Aim: to describe the role of ACE gene polymorphism on pathogenesis of ischemic stroke in patients with the history of hypertension. The study was conducted in a population of Palembang city.
Methods: approximately 3 ml of peripheral blood samples were obtained by using venipuncture on antecubital vein. The samples were collected in tubes that contained ethylene diamine tetraacetic acid (EDTA) for DNA analysis. The DNA was extracted from leukocytes according to the standard DNAzol® Extraction Protocol. Samples were stored at -80°C until the analysis. Template DNA was then amplified by using a pair of sense oligonucleotide primer of 5'-CTGG AGACC ACTCCCATCCTTTCT-3' and antisense primer 5'-GATGGTGGCCATCAC ATTCGTC AGAT-3', 10 pmol of each primer. The PCR mixture contained 20 ng of genomic DNA, 3 mM MgCl2, 50 mM KCl, 10 mM Tris-HCl pH 8.4, 5% dimethyl-sulphoxide (DMSO), each of 0,5 mM deoxyribonucleoside triphosphate (dNTPs) and 1 unit of Taq polymerase in a final volume of 50 μL. The DNA was amplified by 30 cycles; denaturation at 940C for 1 min, annealing at 580C for 1 min, and extension at 720C for 2 min, followed by a final extension at 720C for 4 min by using PCR Thermal (Icycler, Biorad, USA). PCR products were separated by electrophoresis on a 2% agarosa gel, and identified by ethidium bromide (0.1%) staining, and finally visualized by ultraviolet light. They were documented by using the geldoc (Biorad, USA). The PCR product is a 190 bp fragment in the absence of insertion (D) and a 490 bp fragment in the presence of insertion (I).

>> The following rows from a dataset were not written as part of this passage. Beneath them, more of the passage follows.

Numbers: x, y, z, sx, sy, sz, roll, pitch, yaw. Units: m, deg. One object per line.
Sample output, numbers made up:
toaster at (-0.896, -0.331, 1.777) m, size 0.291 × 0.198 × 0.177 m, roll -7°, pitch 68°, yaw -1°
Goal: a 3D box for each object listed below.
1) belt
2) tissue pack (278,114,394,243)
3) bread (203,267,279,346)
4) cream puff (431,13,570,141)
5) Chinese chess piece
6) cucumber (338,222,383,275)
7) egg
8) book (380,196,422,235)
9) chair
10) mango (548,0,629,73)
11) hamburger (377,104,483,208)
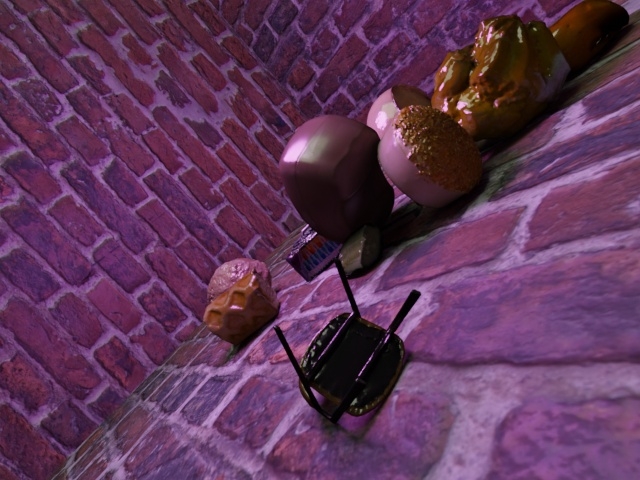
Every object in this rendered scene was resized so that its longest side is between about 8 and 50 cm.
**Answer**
belt at (0.000, 0.000, 1.611) m, size 0.295 × 0.160 × 0.207 m, roll -42°, pitch 9°, yaw -3°
tissue pack at (0.042, -0.172, 1.249) m, size 0.277 × 0.387 × 0.267 m, roll 17°, pitch 66°, yaw 31°
bread at (-0.286, 0.247, 1.553) m, size 0.252 × 0.238 × 0.196 m, roll -36°, pitch 44°, yaw 1°
cream puff at (0.484, -0.474, 1.183) m, size 0.378 × 0.275 × 0.378 m, roll -18°, pitch 40°, yaw 16°
Chinese chess piece at (0.312, -0.350, 1.350) m, size 0.140 × 0.338 × 0.338 m, roll -48°, pitch 3°, yaw 41°
cucumber at (0.116, 0.037, 1.191) m, size 0.086 × 0.115 × 0.193 m, roll 3°, pitch -22°, yaw -29°
egg at (-0.353, 0.211, 1.835) m, size 0.310 × 0.279 × 0.279 m, roll -47°, pitch 8°, yaw 10°
book at (0.280, -0.108, 1.349) m, size 0.157 × 0.026 × 0.231 m, roll -34°, pitch 11°, yaw 45°
chair at (0.037, 0.174, 0.645) m, size 0.159 × 0.172 × 0.247 m, roll -48°, pitch -33°, yaw -33°
mango at (0.759, -0.602, 1.239) m, size 0.287 × 0.152 × 0.201 m, roll -43°, pitch 0°, yaw -18°
hamburger at (0.286, -0.225, 1.074) m, size 0.179 × 0.276 × 0.294 m, roll -50°, pitch 21°, yaw 38°
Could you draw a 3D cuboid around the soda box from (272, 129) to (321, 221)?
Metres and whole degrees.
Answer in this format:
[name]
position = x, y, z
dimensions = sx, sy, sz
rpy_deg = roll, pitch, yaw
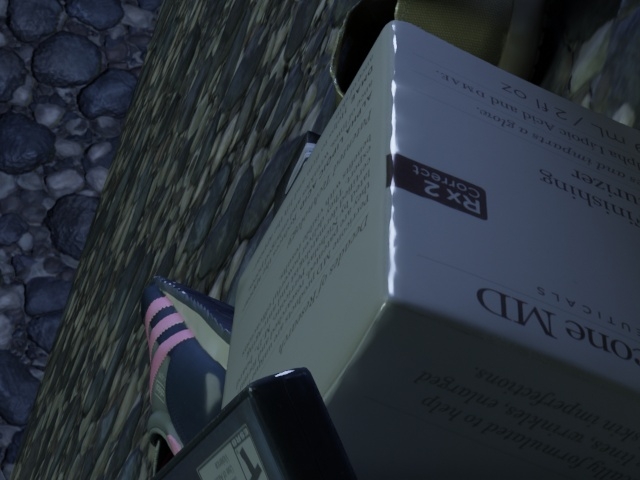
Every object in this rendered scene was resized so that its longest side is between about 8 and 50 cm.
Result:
[soda box]
position = 0.000, 0.000, 1.220
dimensions = 0.169, 0.053, 0.060
rpy_deg = -88, 23, -54

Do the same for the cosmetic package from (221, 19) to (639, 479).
[cosmetic package]
position = 0.057, 0.045, 0.696
dimensions = 0.183, 0.151, 0.151
rpy_deg = -88, 24, -53

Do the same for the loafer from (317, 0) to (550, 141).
[loafer]
position = 0.046, -0.098, 1.103
dimensions = 0.268, 0.092, 0.102
rpy_deg = 137, 152, -62

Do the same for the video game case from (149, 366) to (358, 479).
[video game case]
position = 0.006, 0.197, 0.572
dimensions = 0.274, 0.026, 0.196
rpy_deg = 65, 150, 13

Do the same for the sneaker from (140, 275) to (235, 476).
[sneaker]
position = -0.086, 0.107, 1.264
dimensions = 0.131, 0.112, 0.319
rpy_deg = -65, 12, 1
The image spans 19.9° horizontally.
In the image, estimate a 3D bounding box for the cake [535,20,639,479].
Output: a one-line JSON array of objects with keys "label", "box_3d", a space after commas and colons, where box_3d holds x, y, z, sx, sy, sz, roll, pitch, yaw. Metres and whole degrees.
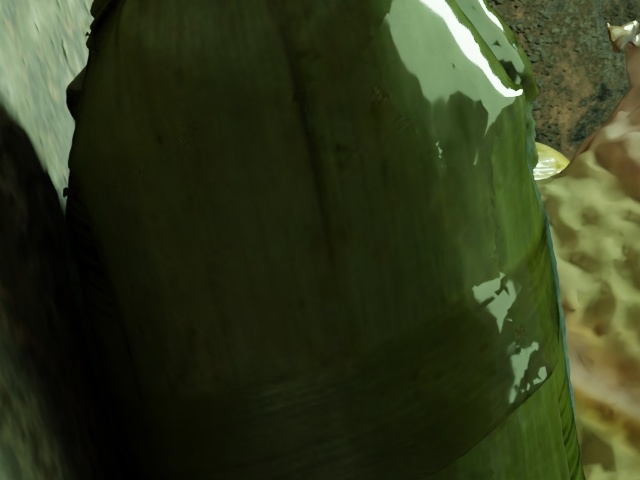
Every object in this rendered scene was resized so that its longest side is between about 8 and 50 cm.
[{"label": "cake", "box_3d": [0.215, 0.113, 0.973, 0.293, 0.307, 0.314, 32, -20, 25]}]

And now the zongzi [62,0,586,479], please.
[{"label": "zongzi", "box_3d": [0.000, 0.000, 0.547, 0.274, 0.125, 0.250, -96, 176, -70]}]

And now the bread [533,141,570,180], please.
[{"label": "bread", "box_3d": [0.116, 0.002, 1.337, 0.236, 0.106, 0.140, 159, -76, -70]}]
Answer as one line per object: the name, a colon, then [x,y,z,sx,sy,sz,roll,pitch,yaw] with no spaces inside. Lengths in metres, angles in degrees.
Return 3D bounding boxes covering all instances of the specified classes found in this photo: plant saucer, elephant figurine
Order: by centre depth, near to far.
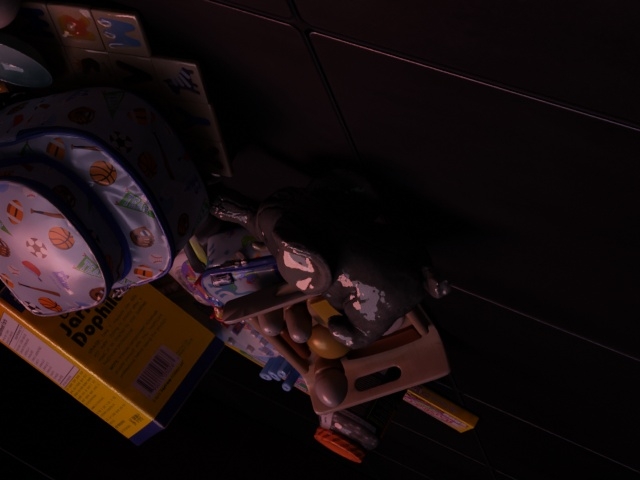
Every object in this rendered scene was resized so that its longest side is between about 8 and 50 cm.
plant saucer: [-0.355,-0.208,1.162,0.119,0.021,0.119,14,166,4]
elephant figurine: [0.000,0.000,1.177,0.239,0.186,0.169,41,-158,-15]

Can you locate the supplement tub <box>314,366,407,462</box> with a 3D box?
supplement tub: [0.073,0.271,1.761,0.117,0.190,0.117,27,162,10]

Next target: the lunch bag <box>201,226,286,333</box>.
lunch bag: [-0.051,0.059,1.470,0.176,0.090,0.219,-10,145,23]

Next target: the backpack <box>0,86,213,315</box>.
backpack: [-0.271,-0.050,1.190,0.263,0.213,0.276,-16,125,31]

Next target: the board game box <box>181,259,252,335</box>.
board game box: [-0.162,0.098,1.664,0.168,0.033,0.133,36,151,-1]

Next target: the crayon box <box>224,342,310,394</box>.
crayon box: [-0.089,0.197,2.003,0.278,0.081,0.165,31,163,-1]

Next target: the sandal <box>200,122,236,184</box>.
sandal: [-0.294,-0.144,1.376,0.445,0.107,0.167,4,148,29]

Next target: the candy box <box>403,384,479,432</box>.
candy box: [0.186,0.289,1.908,0.206,0.027,0.105,29,166,3]

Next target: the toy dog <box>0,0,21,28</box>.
toy dog: [-0.428,-0.344,0.997,0.220,0.161,0.333,21,176,20]

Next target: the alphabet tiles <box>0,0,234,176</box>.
alphabet tiles: [-0.272,-0.162,1.221,0.342,0.011,0.285,11,142,21]

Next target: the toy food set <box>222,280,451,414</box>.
toy food set: [0.031,0.139,1.426,0.219,0.092,0.306,-20,143,14]

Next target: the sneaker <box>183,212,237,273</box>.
sneaker: [-0.164,-0.049,1.479,0.097,0.084,0.235,-16,138,2]

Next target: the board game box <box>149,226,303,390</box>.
board game box: [-0.214,0.074,1.770,0.390,0.050,0.390,23,149,22]

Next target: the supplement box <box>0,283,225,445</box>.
supplement box: [-0.383,0.168,1.833,0.356,0.195,0.194,39,151,-7]

Results: ischemic stroke with hypertension or with the history of hypertension was found more frequently in male (70%) and ≥ 55 year old subjects (60.0%). The study showed that the frequency of II genotype was higher than DI and DD. Moreover, the frequency of I allele was higher than D allele. In healthy normotensive group, the results remained the same. However, different results were found in infarct-stroke group with hypertension history in which the frequency of DI genotype was higher than in II genotype and the DD. The study showed that there was no significant correlation (p=0.188) between ACE gene polymorphism and infarct stroke in subjects with the history of hypertension. ACE gene just has approximately 5% role in developing ischemic stroke.
Conclusion: there is no significant correlation between ACE gene polymorphism and the development of ischemic stroke in patients with history of hypertension of the population in Palembang. However, the study showed that there is a different pattern of genetic control on ACE compared to previous studies ever done in Caucasians.